Karjakin accedió al medio juego con su pareja de alfiles apuntando al enroque blanco. Pese a la iniciativa que le concedían las piezas blancas, Carlsen se vio en una situación pasiva, con su dama obligada a defender. Meditó durante 16 minutos su movimiento 19. Cb5, y después el aspirante, fiel a su carácter, resolvió no arriesgar, omitiendo la entrada de la dama en g5.

Con todas las piezas ligeras sobre el tablero la posición ofrecía posibilidades de ataque y riesgos para ambos bandos. Había que calcular con mucha precisión y el aspirante meditó durante 22 minutos su jugada 21. Los apuros de tiempo (el primer control es de 2 horas para los 40 primeros movimientos) se dibujaban en el horizonte, con 34 minutos en los dos relojes.

En el movimiento 24, después de una serie de cambios, Carlsen tomó con peón un caballo blanco en lugar de con alfil, una idea que desequilibraba su posición pero que declaraba su propósito de buscar la victoria a toda costa. Su decisión, ante un rival que ha demostrado su maestría defensiva, se reveló equivocada.

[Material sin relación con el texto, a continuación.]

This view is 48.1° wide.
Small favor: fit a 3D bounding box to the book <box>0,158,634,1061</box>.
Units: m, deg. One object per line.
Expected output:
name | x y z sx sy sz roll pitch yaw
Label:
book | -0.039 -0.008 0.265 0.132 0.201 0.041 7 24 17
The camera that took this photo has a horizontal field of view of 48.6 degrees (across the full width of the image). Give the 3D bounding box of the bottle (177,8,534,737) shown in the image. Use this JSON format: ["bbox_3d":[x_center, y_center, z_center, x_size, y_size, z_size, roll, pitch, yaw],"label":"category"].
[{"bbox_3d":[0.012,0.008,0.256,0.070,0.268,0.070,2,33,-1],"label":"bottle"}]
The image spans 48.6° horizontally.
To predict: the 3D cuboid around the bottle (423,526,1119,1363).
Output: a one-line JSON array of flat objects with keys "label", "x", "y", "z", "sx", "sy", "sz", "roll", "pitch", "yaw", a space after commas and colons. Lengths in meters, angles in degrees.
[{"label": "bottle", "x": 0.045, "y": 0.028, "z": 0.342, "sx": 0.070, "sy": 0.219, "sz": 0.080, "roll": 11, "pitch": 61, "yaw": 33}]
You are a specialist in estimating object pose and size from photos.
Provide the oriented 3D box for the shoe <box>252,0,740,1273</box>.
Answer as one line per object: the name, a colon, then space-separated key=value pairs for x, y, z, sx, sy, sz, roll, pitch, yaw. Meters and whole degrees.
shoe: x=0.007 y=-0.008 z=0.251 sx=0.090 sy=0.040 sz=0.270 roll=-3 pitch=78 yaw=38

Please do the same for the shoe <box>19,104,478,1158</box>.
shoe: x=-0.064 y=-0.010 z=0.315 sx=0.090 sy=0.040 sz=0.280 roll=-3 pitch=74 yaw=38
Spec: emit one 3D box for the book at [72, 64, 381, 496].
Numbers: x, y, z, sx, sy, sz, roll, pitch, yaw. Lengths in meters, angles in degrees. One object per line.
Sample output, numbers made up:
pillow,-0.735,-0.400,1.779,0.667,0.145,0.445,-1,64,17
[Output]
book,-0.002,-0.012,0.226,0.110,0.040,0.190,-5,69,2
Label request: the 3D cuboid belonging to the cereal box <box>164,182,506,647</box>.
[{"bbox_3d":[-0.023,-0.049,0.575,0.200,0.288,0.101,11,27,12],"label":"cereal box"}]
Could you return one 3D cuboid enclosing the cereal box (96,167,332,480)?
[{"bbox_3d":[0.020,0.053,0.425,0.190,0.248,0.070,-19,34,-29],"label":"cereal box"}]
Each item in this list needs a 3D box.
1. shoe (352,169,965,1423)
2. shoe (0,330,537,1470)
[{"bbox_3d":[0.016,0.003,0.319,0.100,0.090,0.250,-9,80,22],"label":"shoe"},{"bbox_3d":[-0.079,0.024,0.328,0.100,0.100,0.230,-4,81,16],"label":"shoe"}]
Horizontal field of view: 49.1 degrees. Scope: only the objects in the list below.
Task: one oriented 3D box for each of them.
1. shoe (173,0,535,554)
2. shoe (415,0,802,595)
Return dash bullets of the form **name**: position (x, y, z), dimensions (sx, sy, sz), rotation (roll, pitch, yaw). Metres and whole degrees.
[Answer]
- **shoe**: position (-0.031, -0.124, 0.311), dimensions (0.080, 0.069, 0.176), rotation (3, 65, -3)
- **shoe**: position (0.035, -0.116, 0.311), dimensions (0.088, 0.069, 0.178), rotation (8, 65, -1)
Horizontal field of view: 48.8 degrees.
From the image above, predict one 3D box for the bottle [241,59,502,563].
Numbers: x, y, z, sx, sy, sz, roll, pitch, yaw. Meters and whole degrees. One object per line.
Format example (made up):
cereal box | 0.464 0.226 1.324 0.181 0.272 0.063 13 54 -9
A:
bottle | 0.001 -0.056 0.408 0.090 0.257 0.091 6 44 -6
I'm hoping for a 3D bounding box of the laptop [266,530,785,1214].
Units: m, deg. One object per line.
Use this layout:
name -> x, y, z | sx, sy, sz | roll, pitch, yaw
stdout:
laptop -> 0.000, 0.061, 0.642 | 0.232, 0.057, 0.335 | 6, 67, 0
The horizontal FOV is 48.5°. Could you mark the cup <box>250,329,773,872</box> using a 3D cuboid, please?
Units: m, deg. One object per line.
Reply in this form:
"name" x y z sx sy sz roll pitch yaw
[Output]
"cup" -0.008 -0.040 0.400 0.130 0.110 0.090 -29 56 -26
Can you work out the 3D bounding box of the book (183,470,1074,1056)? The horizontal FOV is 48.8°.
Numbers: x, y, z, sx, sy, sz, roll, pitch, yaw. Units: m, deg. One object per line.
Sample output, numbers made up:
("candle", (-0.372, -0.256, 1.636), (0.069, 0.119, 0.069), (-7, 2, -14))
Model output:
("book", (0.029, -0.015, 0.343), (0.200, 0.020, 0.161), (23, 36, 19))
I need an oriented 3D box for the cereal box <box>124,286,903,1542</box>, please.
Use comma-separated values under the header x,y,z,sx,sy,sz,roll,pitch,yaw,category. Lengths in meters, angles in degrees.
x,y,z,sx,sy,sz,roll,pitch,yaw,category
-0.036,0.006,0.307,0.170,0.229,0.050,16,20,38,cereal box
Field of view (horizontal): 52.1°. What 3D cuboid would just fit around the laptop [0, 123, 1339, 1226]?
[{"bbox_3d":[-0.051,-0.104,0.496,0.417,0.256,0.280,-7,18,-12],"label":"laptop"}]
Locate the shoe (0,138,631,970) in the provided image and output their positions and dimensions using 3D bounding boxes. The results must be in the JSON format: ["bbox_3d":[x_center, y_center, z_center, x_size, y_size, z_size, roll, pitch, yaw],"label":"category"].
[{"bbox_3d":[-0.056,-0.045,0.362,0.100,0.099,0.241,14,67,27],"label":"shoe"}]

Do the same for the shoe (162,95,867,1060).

Con los dos jugadores fuertemente presionados por el reloj, Karjakin ganó un peón en el movimiento 32 y en el 35 no dudó con aceptar otro, sacrificado por Carlsen en un intento de mantener la iniciativa.

Por momentos pareció que el campeón sería capaz de conseguir tablas por jaque perpetuo, pero Karjakin fue aumentando la presión sobre el campo blanco y Carlsen cometió un grave error al jugar 49.Da5, seguido de otro, ya definitivo, con 51.De6.

Carlsen se encontró en posición de “zugzwang” (cualquier jugada pierde). Karjakin colocó su peón en séptima (52…a2) y el campeón tuvo que inclinar su rey. Minutos después, profundamente disgustado, no acudió a la reglamentaria rueda de prensa.

“Carlsen no ha jugado mal. Lo intentó, sacrificó dos peones y creó un juego muy interesante aunque no logró el empate, pero gracias a Magnus ha sido un gran día”, comentó el ruso.

Por primera vez, en los tres encuentros que ha disputado con el título en juego (uno para conquistarlo, dos para defenderlo), Carlsen se ve en una situación comprometida. El miércoles ambos jugadores volverán a sentarse frente al tablero para disputar la novena partida, con el aspirante al mando de las blancas. Y ganará el primero que llegue a los 6,5.